Pretraining with Re-parametrized Self-Attention: Unlocking Generalizationin SNN-Based Neural Decoding Across Time, Brains, and Tasks
Abstract
The emergence of large-scale neural activity datasets provides new opportunities to enhance the generalization of neural decoding models. However, it remains a practical challenge to design neural decoders for fully implantable brain-machine interfaces (iBMIs) that achieve high accuracy, strong generalization, and low computational cost, which are essential for reliable, long-term deployment under strict power and hardware constraints. To address this, we propose the Re-parametrized self-Attention Spiking Neural Network (RAT SNN) with a cross-condition pretraining framework to integrate neural variability and adapt to stringent computational constraints. Specifically, our approach introduces multi-timescale dynamic spiking neurons to capture the complex temporal variability of neural activity. And we refine spike-driven attention within a lightweight, re-parameterized architecture that enables accumulate-only operations between spiking neurons without sacrificing decoding accuracy. Furthermore, we develop a stepwise training pipeline to systematically integrate neural variability across conditions, including neural temporal drift, subjects and tasks. Building on these advances, we construct a pretrained model capable of rapid generalization to unseen conditions with high performance.
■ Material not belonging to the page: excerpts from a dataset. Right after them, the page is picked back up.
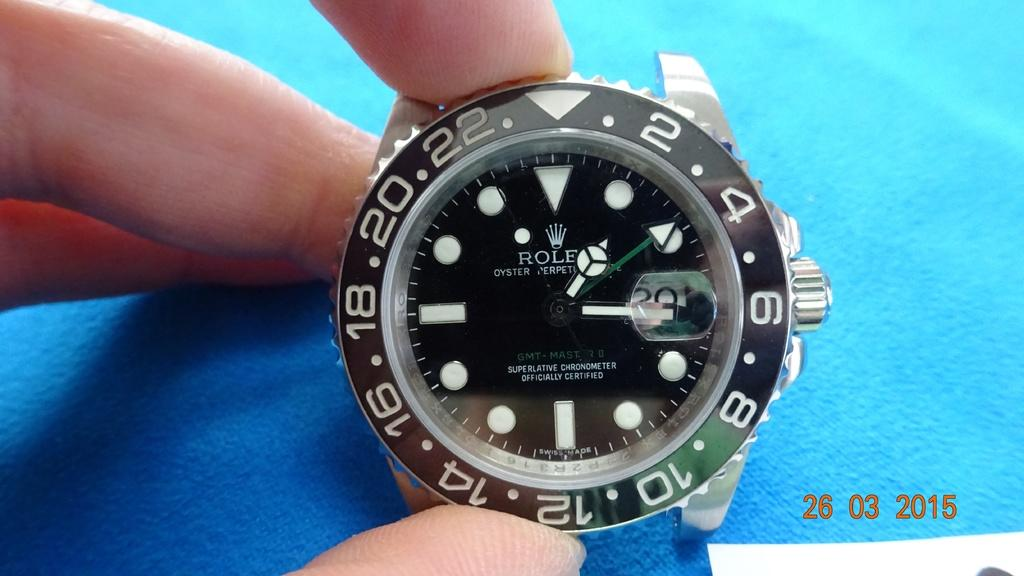<image>
Share a concise interpretation of the image provided. A Rolex watch has a black face and white numbers. 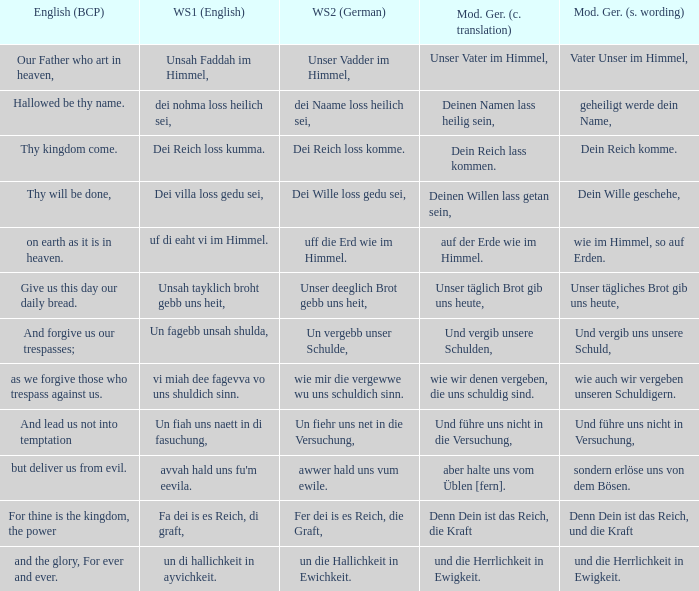What is the modern german standard wording for the german based writing system 2 phrase "wie mir die vergewwe wu uns schuldich sinn."? Wie auch wir vergeben unseren schuldigern. 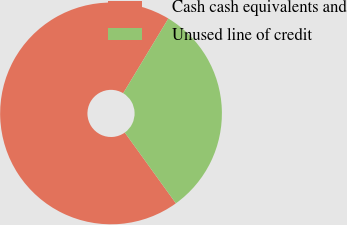<chart> <loc_0><loc_0><loc_500><loc_500><pie_chart><fcel>Cash cash equivalents and<fcel>Unused line of credit<nl><fcel>68.6%<fcel>31.4%<nl></chart> 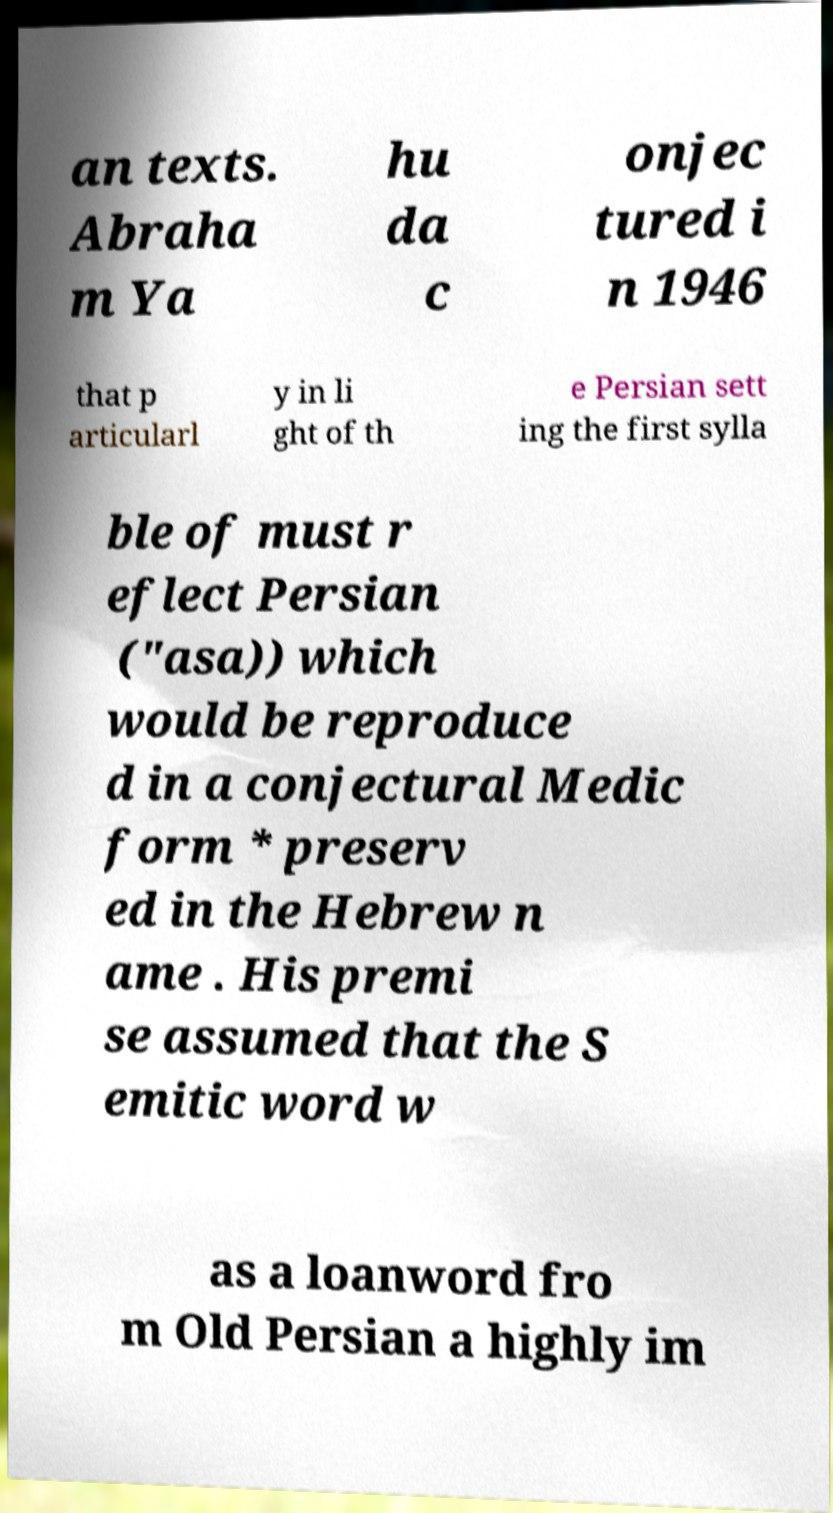For documentation purposes, I need the text within this image transcribed. Could you provide that? an texts. Abraha m Ya hu da c onjec tured i n 1946 that p articularl y in li ght of th e Persian sett ing the first sylla ble of must r eflect Persian ("asa)) which would be reproduce d in a conjectural Medic form * preserv ed in the Hebrew n ame . His premi se assumed that the S emitic word w as a loanword fro m Old Persian a highly im 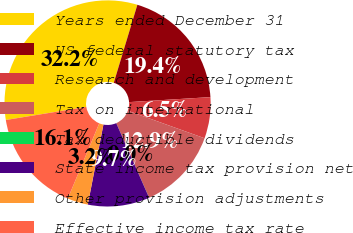Convert chart to OTSL. <chart><loc_0><loc_0><loc_500><loc_500><pie_chart><fcel>Years ended December 31<fcel>US federal statutory tax<fcel>Research and development<fcel>Tax on international<fcel>Tax deductible dividends<fcel>State income tax provision net<fcel>Other provision adjustments<fcel>Effective income tax rate<nl><fcel>32.24%<fcel>19.35%<fcel>6.46%<fcel>12.9%<fcel>0.01%<fcel>9.68%<fcel>3.23%<fcel>16.13%<nl></chart>

We demonstrate that RAT SNN consistently outperforms leading SNN baselines and matches the performance of state-of-the-art artificial neural network (ANN) models in terms of decoding accuracy with much lower computational cost under both seen and unseen conditions across various datasets. Collectively, Pretrained-RAT SNN represents a high-performance, highly generalizable, and energy-efficient prototype of an SNN foundation model for fully iBMI. Code is available at RAT SNN GitHub.